ADJOINT MODELING AND MIGRATION

Migration is often considered to be the adjoint of modeling, this would suggest the following adjoint operation as a reasonable constant offset imaging operation.

$$\hat{S}(x,z; h) = \int \int G^*( x-y,z, \omega;h ) P( y,z, \omega;h )\ dy\ d\omega$$

When I apply this process to the result of constant offset modeling the result is very disappointing. Figure  shows the result of adjoint modeling on the three constant offset panels shown in figure . The deeper event has been imaged with such a small amplitude that it isn't even visible. This is because the Green's function I am using are not merely kinematically correct they also have the correct amplitudes. The adjoint operation correctly inverts the phase but is squares the amplitude. This would not be a problem if the integration had been applied over infinite space and time. The truncation of the modeling and adjoint modeling operators results in a loss of energy from the image. The loss of energy is greatest at the bottom of the section where only a small piece of the hyperbola will be imaged.

 

adj-mig
Figure 6 Adjoint modeling applied to the constant offset panels of the previous figure. The deeper events have not been imaged at the correct amplitude.

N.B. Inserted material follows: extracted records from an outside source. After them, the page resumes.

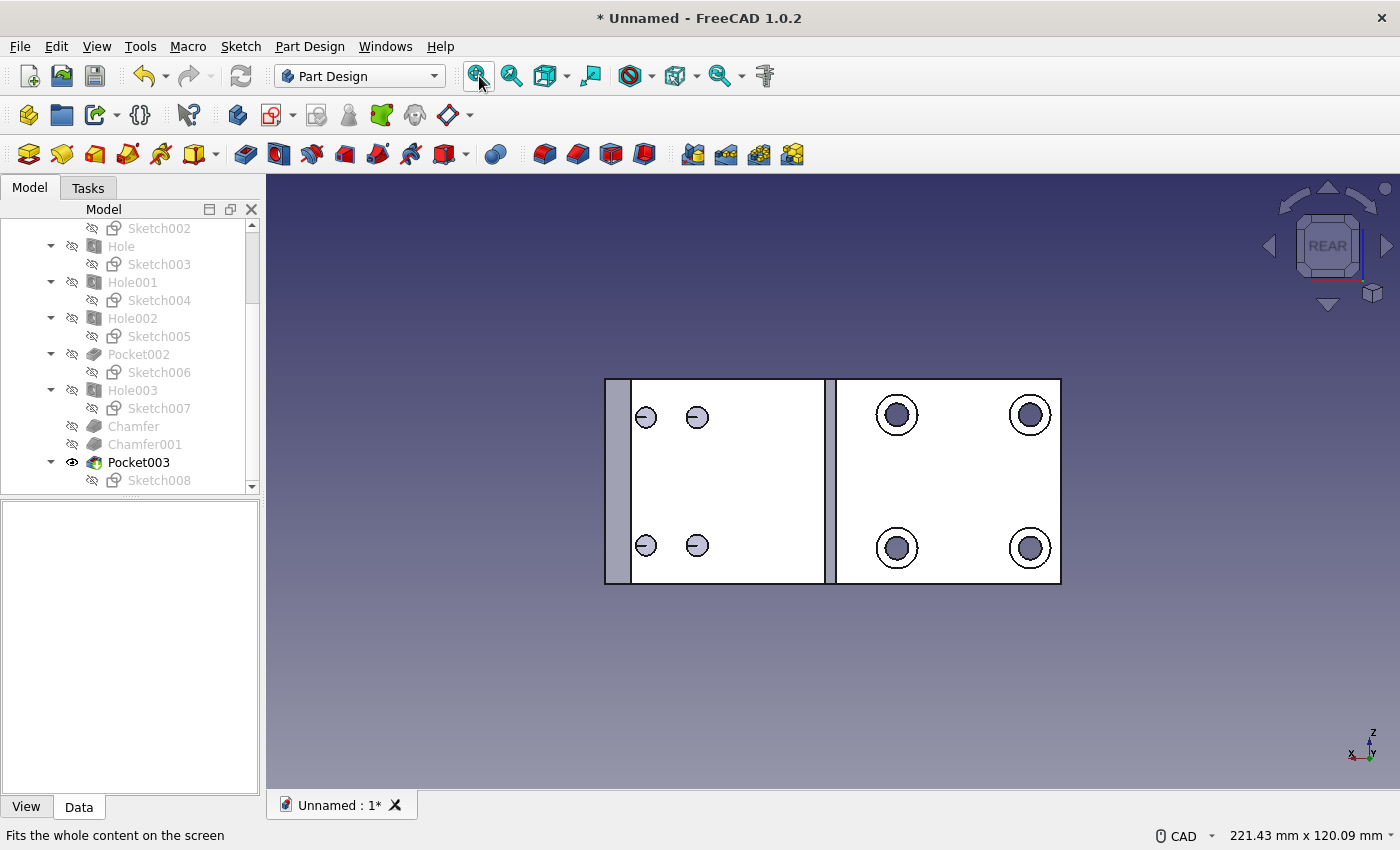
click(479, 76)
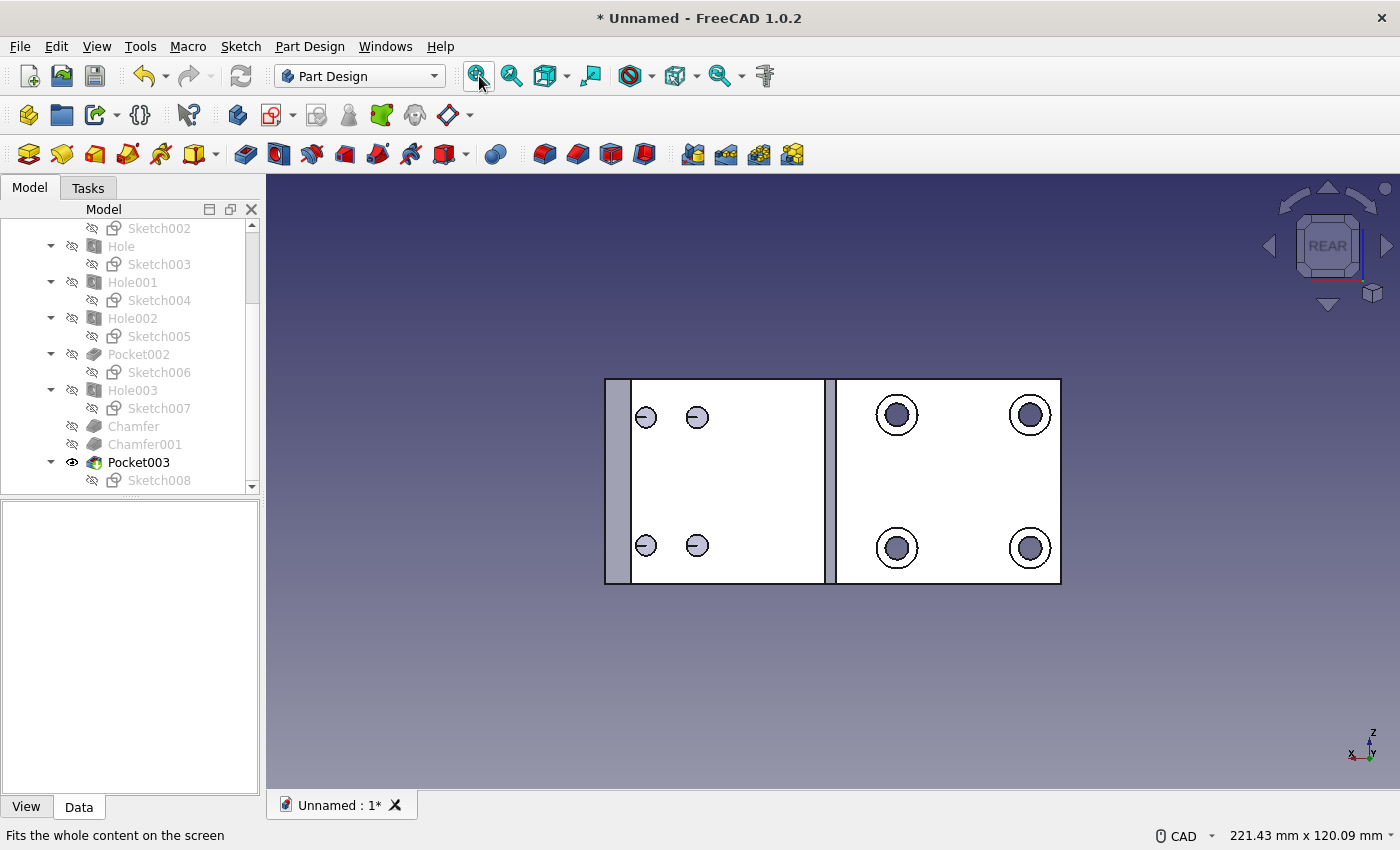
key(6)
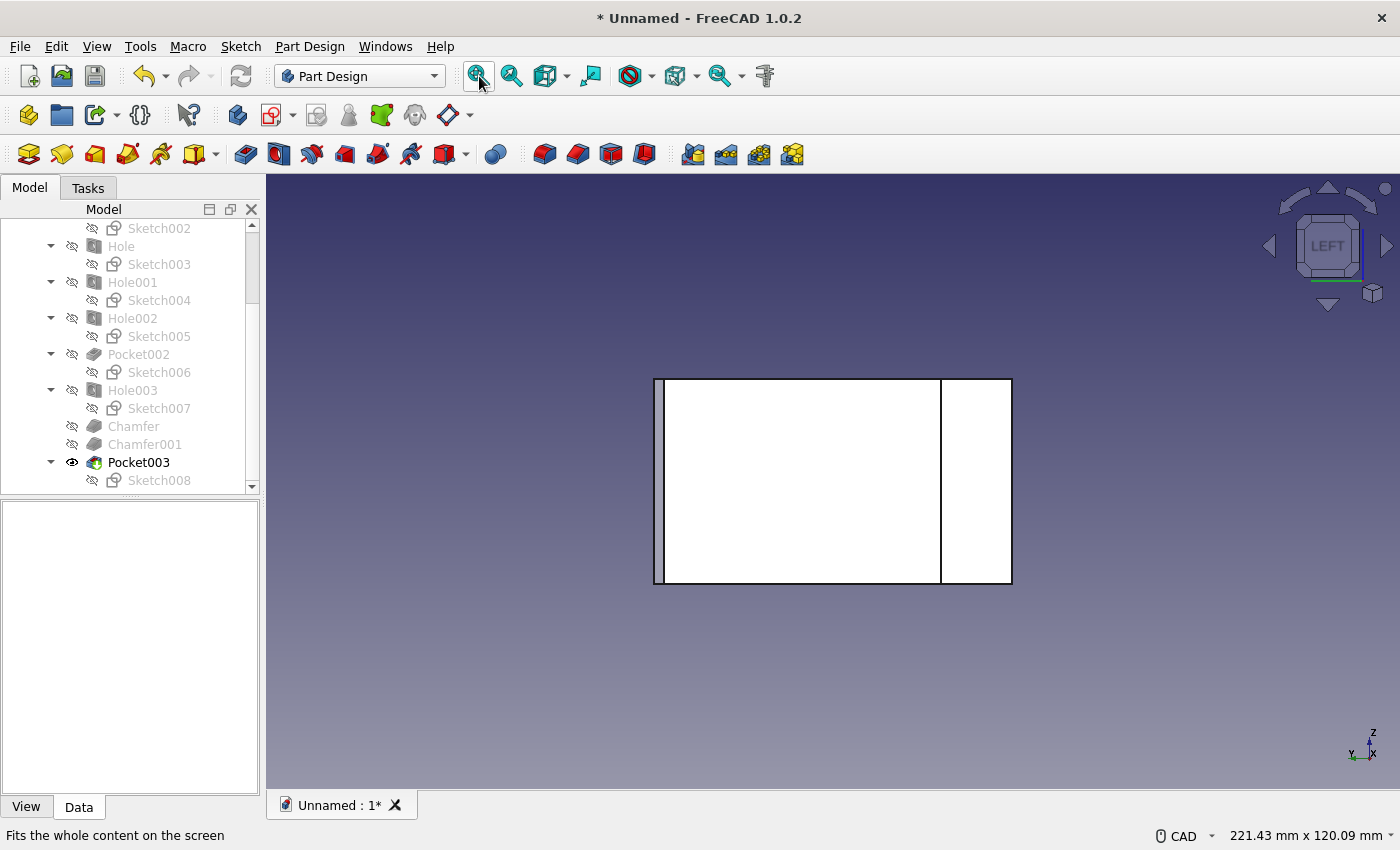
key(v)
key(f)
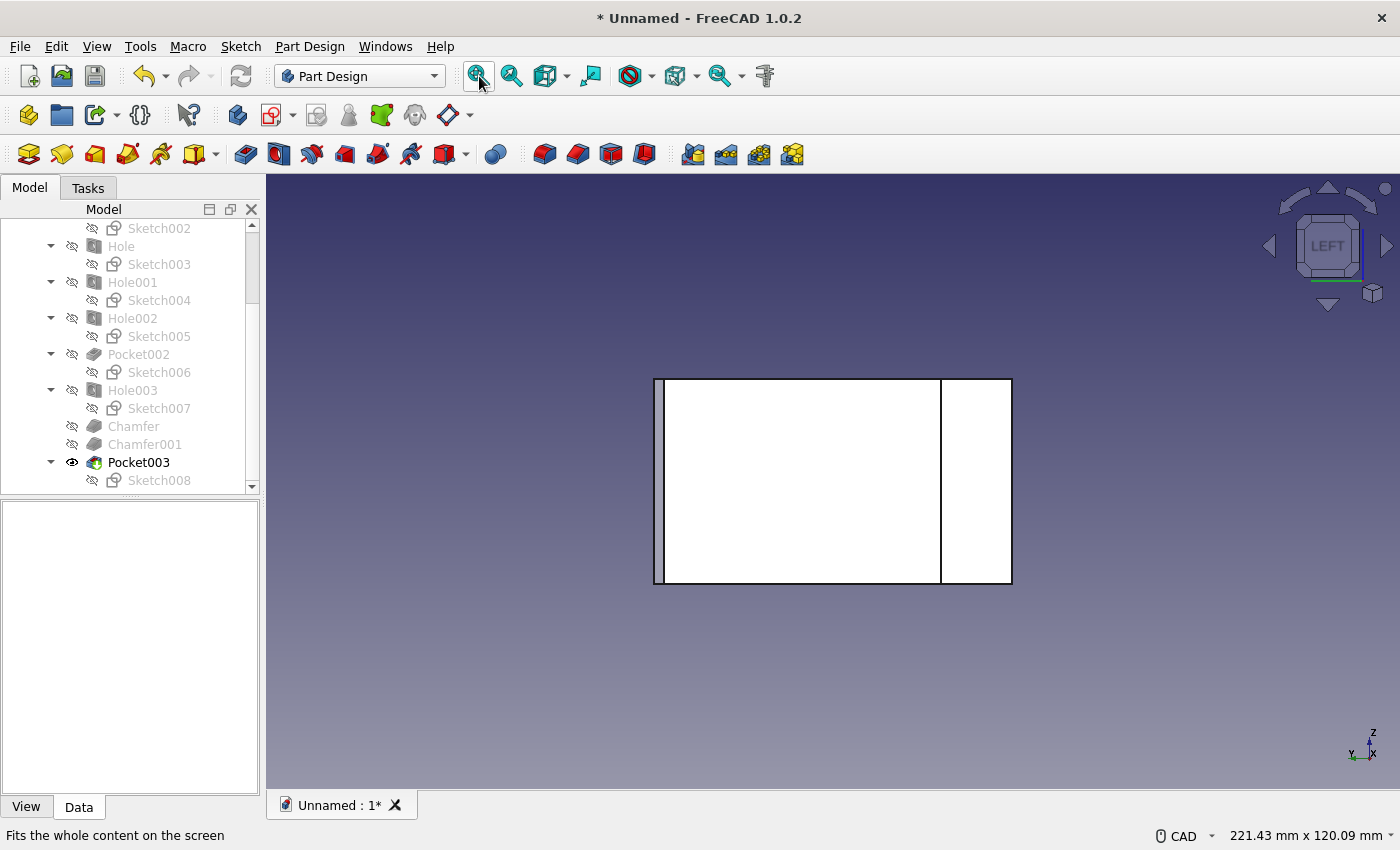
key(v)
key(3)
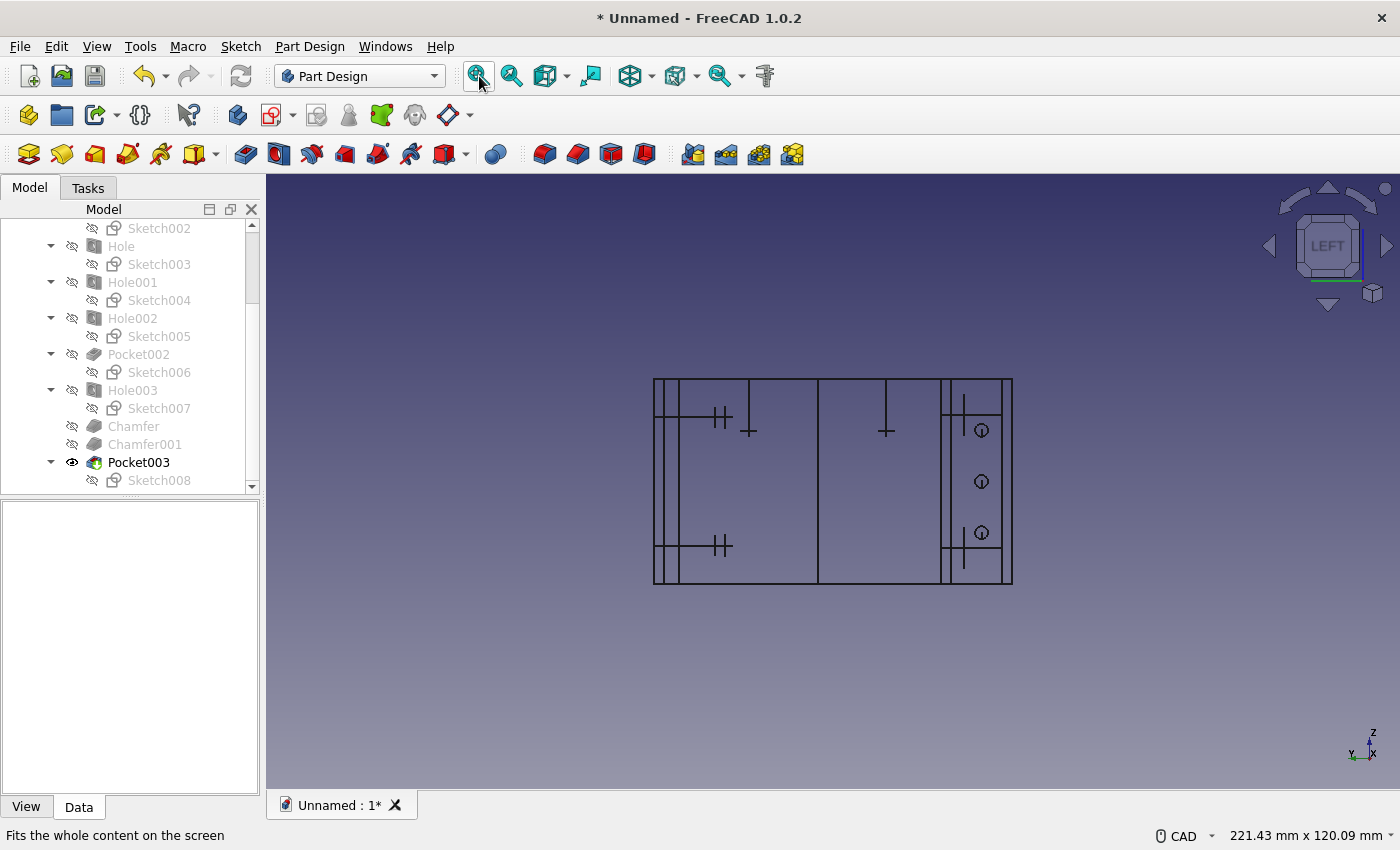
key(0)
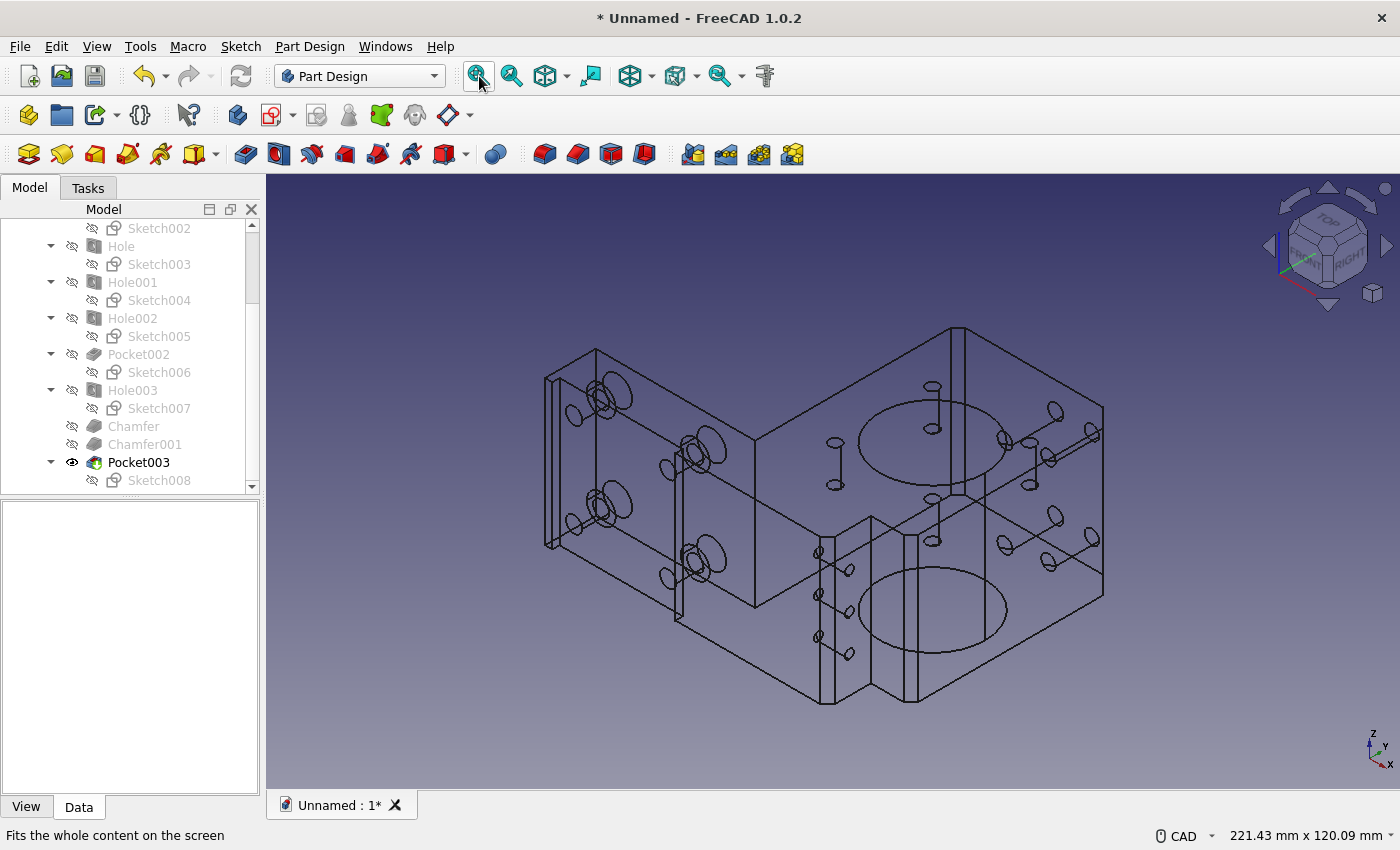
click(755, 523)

One way to overcome this problems is to apply a time dependent gain before the migration. This will amplify events that are later in time so that the amplitudes of the images of deeper events will be increased. However it will also increase the amplitude of the later parts of hyperbolas belonging to shallow events, this is not desirable. What should really be applied is a depth dependent gain after migration. Many authors, e.g. Lumley and Beydoun (1991), attempt to account for the effects of truncation by dividing by a ``diagonal Hessian'' operator, this is an approximation to the full inversion of the modeling operator. This process is often called ``migration inversion.'' In a V(z) medium this becomes a depth and offset dependent scaling after migration.